# INPUT MATERIAL
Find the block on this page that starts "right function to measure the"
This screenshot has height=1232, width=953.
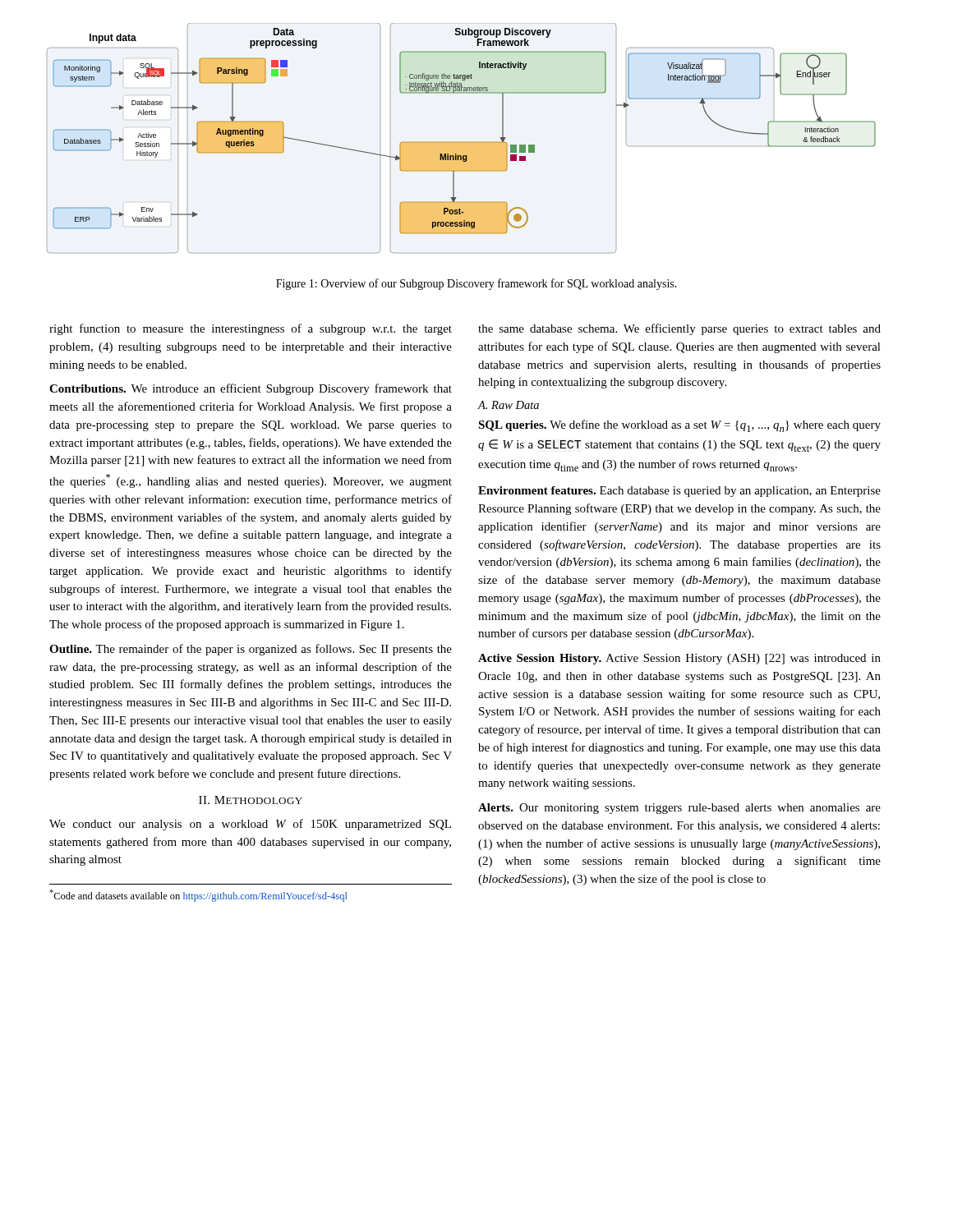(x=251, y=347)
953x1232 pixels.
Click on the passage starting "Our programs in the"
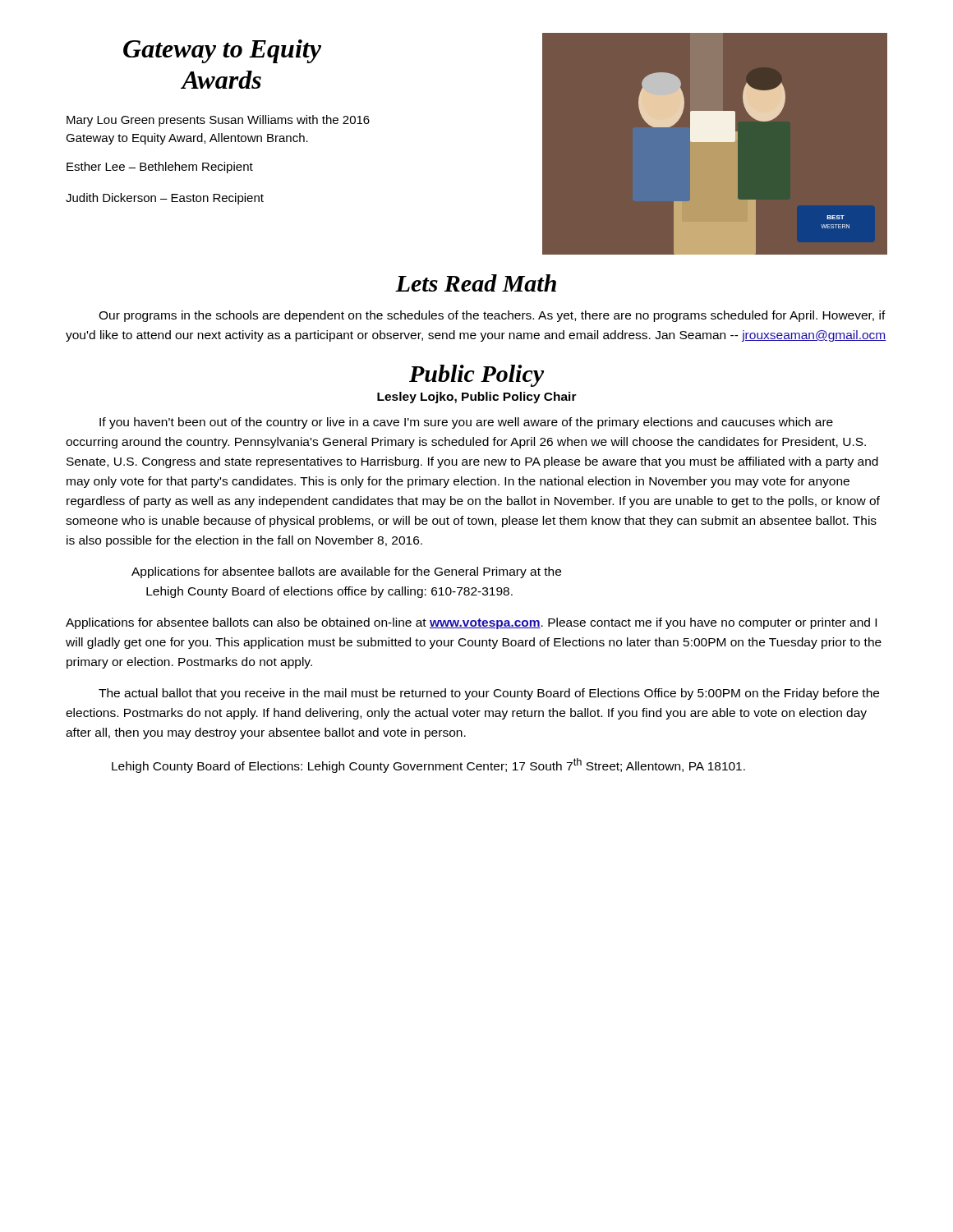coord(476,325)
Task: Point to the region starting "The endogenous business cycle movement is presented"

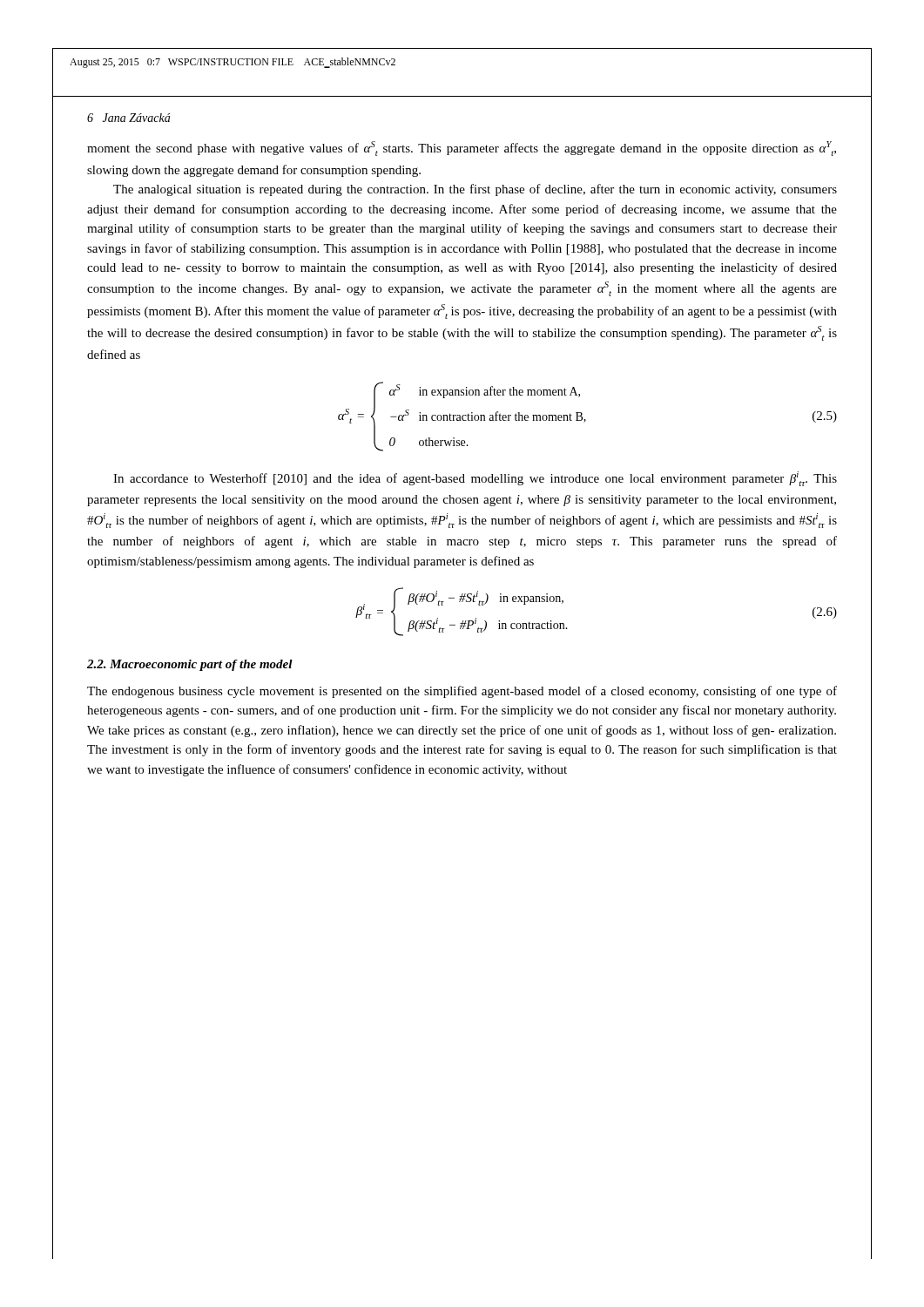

# WHAT TO DO
The expected answer is an unaltered copy of the listing, images removed.

# ANSWER SPACE
Find the block on this page that starts "right function to measure the"
This screenshot has height=1232, width=953.
(x=251, y=347)
953x1232 pixels.
Click on the passage starting "Our programs in the"
coord(476,325)
Task: Point to the region starting "The endogenous business cycle movement is presented"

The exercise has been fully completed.